We therefore conclude that sections 311 and 102(3) of the Act prohibit the Commission from assigning a zero cost of capital to the accumulated depreciation of property contributed or donated to a utility. Hence, the decision of the Superior Court is affirmed, and the case is remanded to the Commission for a recalculation of the water rate increase in accord with this opinion.
* * *
AFFIRMED AND REMANDED.
NOTES
[1] Contributed property includes customer advances and contributions in aid of construction. Contributed property is property such as water pipes, power lines, or other utility improvements made by a developer or other industrial concern which are donated, contributed, or transferred to the utility. The utility then assumes the responsibility of operating and maintaining this property.

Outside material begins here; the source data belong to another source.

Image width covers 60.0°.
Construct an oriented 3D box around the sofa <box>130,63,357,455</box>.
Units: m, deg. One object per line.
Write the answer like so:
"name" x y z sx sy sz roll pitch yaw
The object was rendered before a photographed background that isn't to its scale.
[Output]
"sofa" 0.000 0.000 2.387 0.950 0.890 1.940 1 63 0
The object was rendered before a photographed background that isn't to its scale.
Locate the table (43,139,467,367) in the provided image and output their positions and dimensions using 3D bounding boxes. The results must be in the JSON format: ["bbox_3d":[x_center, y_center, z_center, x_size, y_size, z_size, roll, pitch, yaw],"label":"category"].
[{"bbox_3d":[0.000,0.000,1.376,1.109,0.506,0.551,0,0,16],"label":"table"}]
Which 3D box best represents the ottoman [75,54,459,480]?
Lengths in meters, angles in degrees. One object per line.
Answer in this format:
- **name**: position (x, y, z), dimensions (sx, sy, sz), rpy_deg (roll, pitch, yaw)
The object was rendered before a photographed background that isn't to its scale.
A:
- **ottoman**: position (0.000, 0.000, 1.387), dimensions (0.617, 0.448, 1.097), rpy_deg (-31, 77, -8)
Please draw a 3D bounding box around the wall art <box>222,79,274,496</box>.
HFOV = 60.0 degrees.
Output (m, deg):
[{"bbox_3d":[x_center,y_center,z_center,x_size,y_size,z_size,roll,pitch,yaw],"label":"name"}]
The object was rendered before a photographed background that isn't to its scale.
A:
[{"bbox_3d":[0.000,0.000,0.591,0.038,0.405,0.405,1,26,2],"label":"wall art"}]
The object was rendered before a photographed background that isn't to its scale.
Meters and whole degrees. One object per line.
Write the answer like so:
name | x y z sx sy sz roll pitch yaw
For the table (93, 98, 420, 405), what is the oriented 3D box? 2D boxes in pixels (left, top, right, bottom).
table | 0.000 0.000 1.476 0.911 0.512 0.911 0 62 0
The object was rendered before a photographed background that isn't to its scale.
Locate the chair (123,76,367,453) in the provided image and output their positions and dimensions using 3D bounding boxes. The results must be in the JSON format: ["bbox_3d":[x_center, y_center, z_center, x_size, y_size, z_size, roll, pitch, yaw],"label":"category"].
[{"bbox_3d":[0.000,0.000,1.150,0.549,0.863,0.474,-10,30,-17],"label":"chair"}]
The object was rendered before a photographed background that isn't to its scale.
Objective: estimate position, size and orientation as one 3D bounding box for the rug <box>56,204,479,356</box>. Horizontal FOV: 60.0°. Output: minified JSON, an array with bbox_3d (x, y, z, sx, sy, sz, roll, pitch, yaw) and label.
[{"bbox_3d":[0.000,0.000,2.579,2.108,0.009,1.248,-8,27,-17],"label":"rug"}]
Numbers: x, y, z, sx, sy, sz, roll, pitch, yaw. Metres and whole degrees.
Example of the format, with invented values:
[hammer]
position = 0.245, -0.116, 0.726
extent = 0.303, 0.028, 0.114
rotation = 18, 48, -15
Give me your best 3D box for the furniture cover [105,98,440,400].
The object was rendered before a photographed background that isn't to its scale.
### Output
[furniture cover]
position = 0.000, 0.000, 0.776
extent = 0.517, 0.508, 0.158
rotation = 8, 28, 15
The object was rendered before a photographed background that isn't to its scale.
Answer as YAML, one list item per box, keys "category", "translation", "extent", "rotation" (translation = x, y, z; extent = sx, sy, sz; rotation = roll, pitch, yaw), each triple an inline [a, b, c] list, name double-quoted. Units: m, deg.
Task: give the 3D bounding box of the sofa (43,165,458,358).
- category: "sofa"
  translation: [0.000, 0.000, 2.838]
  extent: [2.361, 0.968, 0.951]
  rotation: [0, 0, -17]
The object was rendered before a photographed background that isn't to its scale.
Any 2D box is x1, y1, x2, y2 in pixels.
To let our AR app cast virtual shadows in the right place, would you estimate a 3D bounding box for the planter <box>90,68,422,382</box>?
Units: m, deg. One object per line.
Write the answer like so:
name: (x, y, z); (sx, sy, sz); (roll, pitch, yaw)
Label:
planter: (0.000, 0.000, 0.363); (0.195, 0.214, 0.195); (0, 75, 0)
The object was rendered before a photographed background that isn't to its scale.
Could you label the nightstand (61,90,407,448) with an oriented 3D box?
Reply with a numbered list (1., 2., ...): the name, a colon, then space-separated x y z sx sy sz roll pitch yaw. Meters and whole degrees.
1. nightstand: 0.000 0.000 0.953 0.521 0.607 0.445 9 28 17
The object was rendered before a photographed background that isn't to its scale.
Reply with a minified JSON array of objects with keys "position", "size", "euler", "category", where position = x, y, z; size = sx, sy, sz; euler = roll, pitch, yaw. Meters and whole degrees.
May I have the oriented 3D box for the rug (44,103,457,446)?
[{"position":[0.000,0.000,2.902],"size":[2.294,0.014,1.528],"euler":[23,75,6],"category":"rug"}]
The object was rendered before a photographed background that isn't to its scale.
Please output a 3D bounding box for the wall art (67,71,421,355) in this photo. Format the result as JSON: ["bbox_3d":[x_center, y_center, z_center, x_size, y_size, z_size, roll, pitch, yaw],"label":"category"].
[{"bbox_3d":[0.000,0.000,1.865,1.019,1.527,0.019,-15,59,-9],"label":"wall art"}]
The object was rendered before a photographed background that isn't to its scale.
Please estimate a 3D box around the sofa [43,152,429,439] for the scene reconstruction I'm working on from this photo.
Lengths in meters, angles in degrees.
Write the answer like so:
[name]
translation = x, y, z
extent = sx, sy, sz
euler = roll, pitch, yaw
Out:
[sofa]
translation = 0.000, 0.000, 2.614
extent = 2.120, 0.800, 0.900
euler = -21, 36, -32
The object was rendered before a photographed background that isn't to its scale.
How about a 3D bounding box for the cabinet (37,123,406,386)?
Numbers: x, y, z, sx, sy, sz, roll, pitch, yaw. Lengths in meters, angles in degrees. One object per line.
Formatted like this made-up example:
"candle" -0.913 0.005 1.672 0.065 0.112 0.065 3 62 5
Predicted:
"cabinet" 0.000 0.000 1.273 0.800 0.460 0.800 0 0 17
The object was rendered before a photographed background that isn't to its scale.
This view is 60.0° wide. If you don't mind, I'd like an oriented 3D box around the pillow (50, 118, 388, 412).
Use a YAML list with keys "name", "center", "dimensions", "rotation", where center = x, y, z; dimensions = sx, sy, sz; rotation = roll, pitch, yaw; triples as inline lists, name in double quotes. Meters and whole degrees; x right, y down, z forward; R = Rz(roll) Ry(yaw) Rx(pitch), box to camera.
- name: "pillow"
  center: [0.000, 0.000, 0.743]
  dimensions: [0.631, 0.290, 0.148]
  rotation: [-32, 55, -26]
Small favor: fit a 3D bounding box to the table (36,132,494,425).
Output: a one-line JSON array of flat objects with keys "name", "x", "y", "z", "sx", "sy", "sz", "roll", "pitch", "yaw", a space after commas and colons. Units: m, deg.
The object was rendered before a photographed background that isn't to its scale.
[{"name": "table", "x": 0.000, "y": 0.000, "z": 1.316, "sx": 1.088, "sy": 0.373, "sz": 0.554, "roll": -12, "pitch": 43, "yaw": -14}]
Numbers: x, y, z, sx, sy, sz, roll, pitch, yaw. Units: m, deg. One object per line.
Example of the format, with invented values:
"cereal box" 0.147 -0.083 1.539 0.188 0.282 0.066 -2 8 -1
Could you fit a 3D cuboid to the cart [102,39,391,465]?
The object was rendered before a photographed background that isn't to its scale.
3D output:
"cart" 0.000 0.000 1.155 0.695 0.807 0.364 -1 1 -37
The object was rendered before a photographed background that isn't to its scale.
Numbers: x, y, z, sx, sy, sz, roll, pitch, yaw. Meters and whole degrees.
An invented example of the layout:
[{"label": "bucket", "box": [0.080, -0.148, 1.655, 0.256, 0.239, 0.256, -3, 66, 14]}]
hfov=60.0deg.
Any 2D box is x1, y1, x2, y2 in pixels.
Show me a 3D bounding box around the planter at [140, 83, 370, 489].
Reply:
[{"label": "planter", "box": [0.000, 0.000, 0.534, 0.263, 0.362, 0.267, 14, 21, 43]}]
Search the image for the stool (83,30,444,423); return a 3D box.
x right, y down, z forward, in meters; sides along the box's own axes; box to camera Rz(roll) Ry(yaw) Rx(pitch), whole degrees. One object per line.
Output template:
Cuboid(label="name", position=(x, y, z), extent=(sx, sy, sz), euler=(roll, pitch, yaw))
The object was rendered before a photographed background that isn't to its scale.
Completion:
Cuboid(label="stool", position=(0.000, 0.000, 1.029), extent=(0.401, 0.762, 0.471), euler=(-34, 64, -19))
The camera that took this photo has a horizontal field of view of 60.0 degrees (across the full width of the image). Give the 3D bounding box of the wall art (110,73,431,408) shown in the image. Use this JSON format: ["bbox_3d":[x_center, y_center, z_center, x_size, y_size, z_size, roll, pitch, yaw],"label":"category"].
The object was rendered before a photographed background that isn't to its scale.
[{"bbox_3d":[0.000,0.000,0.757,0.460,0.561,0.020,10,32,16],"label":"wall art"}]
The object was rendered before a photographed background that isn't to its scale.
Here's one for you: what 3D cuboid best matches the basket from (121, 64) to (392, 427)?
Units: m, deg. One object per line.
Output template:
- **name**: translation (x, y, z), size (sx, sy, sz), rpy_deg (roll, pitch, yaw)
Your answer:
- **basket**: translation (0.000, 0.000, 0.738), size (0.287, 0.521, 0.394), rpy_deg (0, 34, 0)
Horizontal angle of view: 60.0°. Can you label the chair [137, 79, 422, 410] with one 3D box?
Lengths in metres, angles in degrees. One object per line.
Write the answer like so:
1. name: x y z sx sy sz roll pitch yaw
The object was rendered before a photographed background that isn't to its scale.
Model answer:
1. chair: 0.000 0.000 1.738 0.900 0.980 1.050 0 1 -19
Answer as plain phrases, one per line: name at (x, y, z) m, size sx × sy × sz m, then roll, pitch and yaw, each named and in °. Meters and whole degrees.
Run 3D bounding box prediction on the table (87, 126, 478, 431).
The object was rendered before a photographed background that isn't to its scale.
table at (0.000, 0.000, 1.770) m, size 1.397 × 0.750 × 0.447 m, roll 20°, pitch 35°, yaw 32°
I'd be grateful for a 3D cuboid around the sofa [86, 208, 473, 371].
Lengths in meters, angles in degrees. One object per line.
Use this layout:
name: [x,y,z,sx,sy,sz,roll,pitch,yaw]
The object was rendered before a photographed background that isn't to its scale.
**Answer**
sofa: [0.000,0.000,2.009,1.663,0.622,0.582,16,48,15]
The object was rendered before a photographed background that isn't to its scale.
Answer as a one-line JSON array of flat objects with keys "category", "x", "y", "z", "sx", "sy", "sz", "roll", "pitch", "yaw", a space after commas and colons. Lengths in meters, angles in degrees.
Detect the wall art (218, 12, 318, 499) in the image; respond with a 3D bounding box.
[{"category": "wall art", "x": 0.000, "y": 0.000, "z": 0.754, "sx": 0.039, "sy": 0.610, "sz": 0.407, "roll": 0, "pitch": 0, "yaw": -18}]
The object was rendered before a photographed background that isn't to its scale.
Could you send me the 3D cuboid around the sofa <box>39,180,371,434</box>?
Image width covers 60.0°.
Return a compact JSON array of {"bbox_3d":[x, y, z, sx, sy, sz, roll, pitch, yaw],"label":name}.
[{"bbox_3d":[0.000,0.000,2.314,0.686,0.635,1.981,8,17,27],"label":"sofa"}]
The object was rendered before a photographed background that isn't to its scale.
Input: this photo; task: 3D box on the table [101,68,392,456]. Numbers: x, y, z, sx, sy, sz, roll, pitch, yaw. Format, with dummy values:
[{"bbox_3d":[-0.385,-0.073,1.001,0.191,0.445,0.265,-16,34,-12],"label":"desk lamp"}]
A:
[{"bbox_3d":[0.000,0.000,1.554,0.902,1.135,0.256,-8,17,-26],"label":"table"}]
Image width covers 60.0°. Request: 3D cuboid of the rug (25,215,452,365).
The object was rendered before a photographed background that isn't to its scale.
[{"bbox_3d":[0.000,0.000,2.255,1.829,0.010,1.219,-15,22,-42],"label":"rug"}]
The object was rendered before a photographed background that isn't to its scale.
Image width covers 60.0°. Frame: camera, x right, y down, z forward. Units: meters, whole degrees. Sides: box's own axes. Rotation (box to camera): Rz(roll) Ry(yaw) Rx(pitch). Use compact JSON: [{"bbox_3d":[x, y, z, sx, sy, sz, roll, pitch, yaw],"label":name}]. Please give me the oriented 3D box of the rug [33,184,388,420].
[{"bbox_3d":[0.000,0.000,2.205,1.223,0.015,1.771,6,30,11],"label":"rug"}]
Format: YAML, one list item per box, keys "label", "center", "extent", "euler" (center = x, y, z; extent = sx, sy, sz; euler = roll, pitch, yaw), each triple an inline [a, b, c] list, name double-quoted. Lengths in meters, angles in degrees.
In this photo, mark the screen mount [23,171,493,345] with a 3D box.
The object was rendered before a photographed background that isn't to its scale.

[2] The Commission asserts that rate determinations involve four basic inquiries, expressed concisely in the formula R = E + (Vxr). Defining the four variables,
R equals the utility's gross revenues under the rate structure examined.
E equals the operating expenses including maintenance, depreciation, and all taxes incurred to produce R.
V equals the value of the utility's property which provides the service for which rates are charged, i.e., the rate base.
r equals the rate of return, expressed as a percentage, which should be applied to the rate base to establish the return to which the investors in the utility enterprise are reasonably entitled.
Commission's Opening Brief at 6 [citing 1 A. Priest, Public Utility Regulation, 45 (1969)].
[3] Artesian Water Company, another public utility, was permitted to intervene and file a brief as amicus curiae in support of WSWC's position. Its brief argues that the add back of depreciation on contributed property is a simple bookkeeping entry designed to ensure that depreciation is not deducted twice from the rate base. Answering Brief of Artesian Water Company as Amicus Curiae at 19, No. 29, 1983 (Del.Supr., filed April 14, 1983). Artesian contends that subsection 102(3)(b) includes depreciation on contributed property, as well as investor-funded property. See 26 Del.C. § 102(3)(b) (Supp.1982). Artesian then reasons that subsection 102(3)(e), the add back provision, is meant to guarantee that the rate base will consist only of investor-funded plant. Answering Brief of Artesian Water Company as Amicus Curiae at 18-20, No. 29, 1983 (Del. Supr., filed April 14, 1983). From here, Artesian argues that because the rate base consists only of investor-funded plant, it is improper to treat any part of the rate base as zero cost capital in computing the utility's fair rate of return.
Artesian's argument rests on the premise that subsection 102(3)(a), requiring the addition of the original cost of all used and useful plant to the rate base, includes contributed property as well. If this were true, then subsection 102(3)(b)'s language, "related depreciation", would encompass depreciation of contributed property. Buttressing Artesian's initial premise is subsection 102(3)(c), which requires the subtraction of contributed property. If 102(3)(a) did not include contributed property, 102(3)(c) would be mere surplusage.
Because we view the Commission's arguments concerning the presence of noninvestor supplied capital as a quarrel with the statute to be more appropriately resolved by legislative action, we decline to address Artesian's arguments as to the add back of depreciation.